Simon Russell Beale, one of Britain’s leading Shakespearean actors, has spoken of his sorrow over the generation of young performers struggling without work and of his fear that audiences will be frightened to return to the theatre for some time.
“My heart breaks for young actors,” he said this weekend. “To be a graduate drama student now must be horrible, with nothing in the bank and no previous work to persuade people to cast you in the future.”
The actor, who has started to write a book about his theatrical life while in lockdown at his home in Wiltshire, said he is feeling panic for the first time in his career. The lack of certainty about the re-opening of theatres has unsettled him, he said.
“I have never absolutely panicked before, even when I was young and out of work. But I am feeling it now.”
Russell Beale, 59, was about to perform on Broadway in a long run of the acclaimed production The Lehman Trilogy when theatres were shut.
“What was difficult was the idea that the job didn’t exist any more. Normally if they cancel a show you can just go and find another one. Most of us are scared because we have no idea what is going to happen and what theatre is going to look like in the future,” he told the Observer.
Last week the actor’s union, Equity, came to a deal with the Society of London Theatre to protect those actors appearing in musicals and plays at the time of the shutdown.
Under the agreement, cast members under contract have the chance to start again, once a revised performance date is set. The government’s self-employment income support scheme should provide further protection for some and thetheatres and Equity are lobbying for those who are still not covered.
“I hope too many don’t give up,” said Russell Beale. “When I was young people dropped out of acting, of course, during the first few hard years, but God knows what is going to happen this time.”
His more optimistic hope is that the public will realise how important the West End theatres are to the general appeal of London as a destination, even for those just going out to eat.
In July 1606, Shakespeare had to close down his theatre because the weekly death toll from the plague had risen.

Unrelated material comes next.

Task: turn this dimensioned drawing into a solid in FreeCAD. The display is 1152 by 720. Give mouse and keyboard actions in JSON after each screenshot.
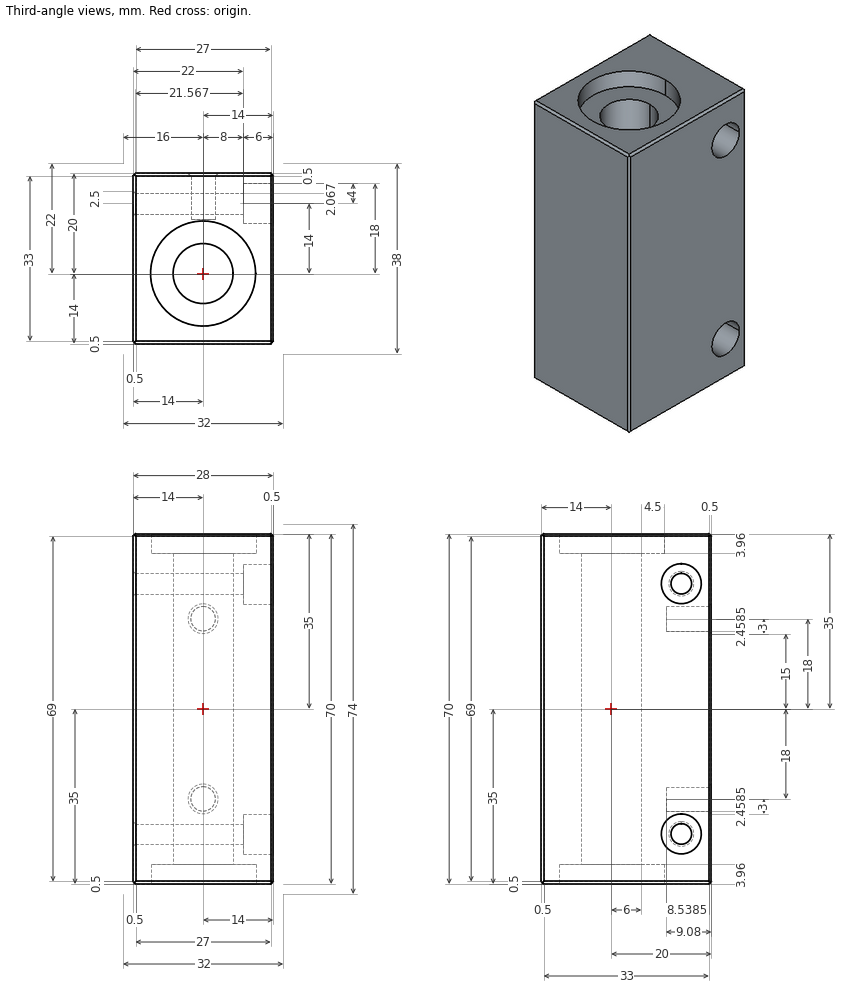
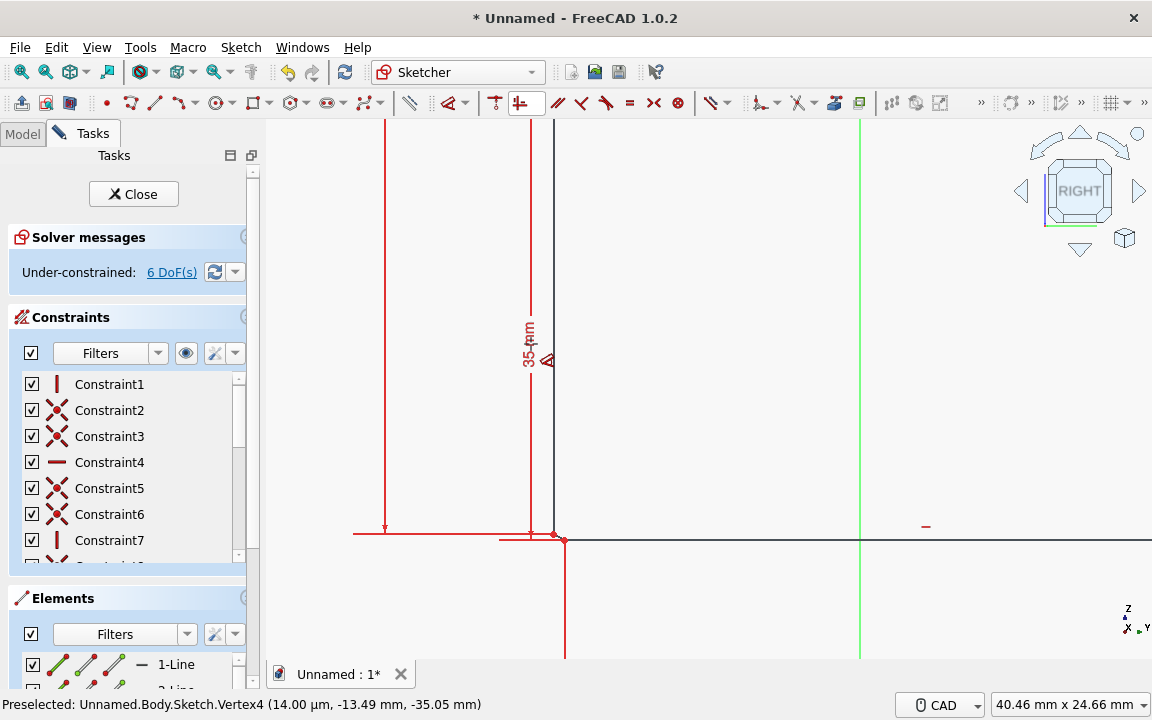
{"action": "scroll", "coordinate": [568, 545], "scroll_direction": "down", "scroll_amount": 8}

In August, there were 116 deaths in one week and 600 Londoners died that October. But audiences later returned, once the government order was lifted.
“You wonder how people were coaxed back into the theatre in Shakespeare’s time. I am bullish though about people’s fundamental need for contact, or at least physical proximity, whether they are watching a play, a concert or a firework show. We need that sense of community,” said Russell Beale.

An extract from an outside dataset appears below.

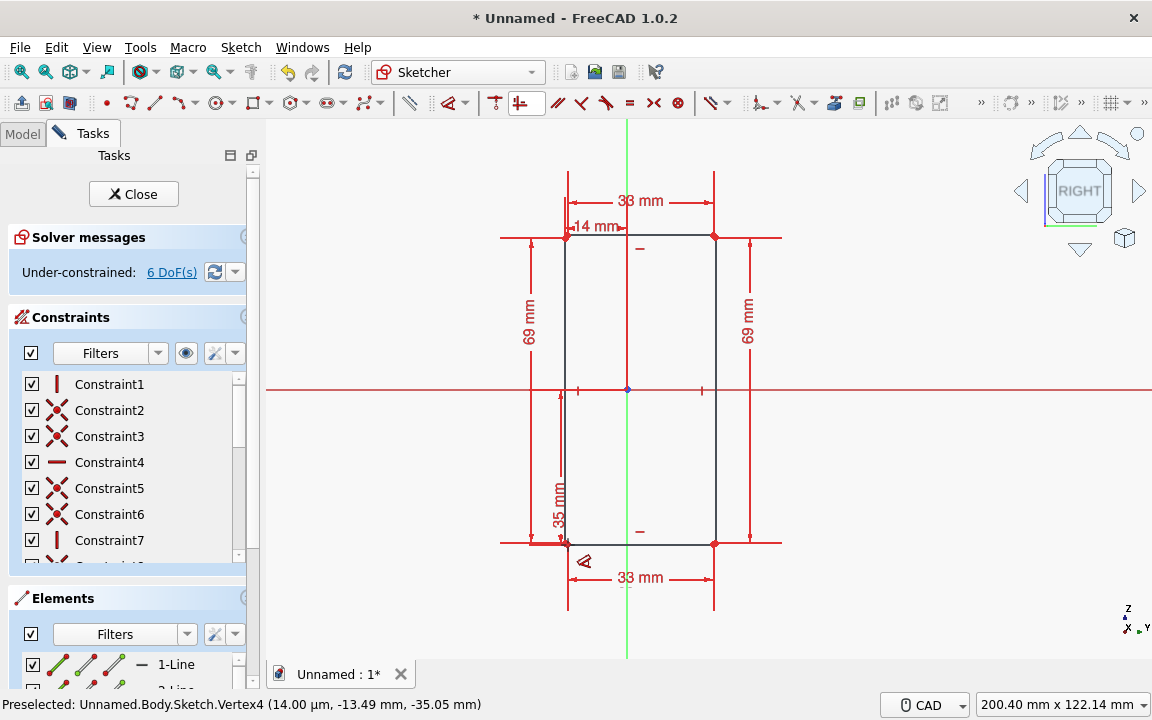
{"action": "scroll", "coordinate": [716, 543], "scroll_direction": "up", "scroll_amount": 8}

The actor has brothers and sisters working in the NHS and he has examined the different nature of his own very different vocation during his enforced period at home.
“I certainly feel a compulsion to do it and I am missing it desperately, although not the anxious hour before you go on stage,” he said. “What I do miss is the feeling at the end of a show that you have achieved something: that first beer afterwards in the dressing room. It is really the bargain you make as an actor. You do it as well for the type of silence you can sometimes hear in the theatre, or for the laugh you get. I want us to all get together again for that one day.”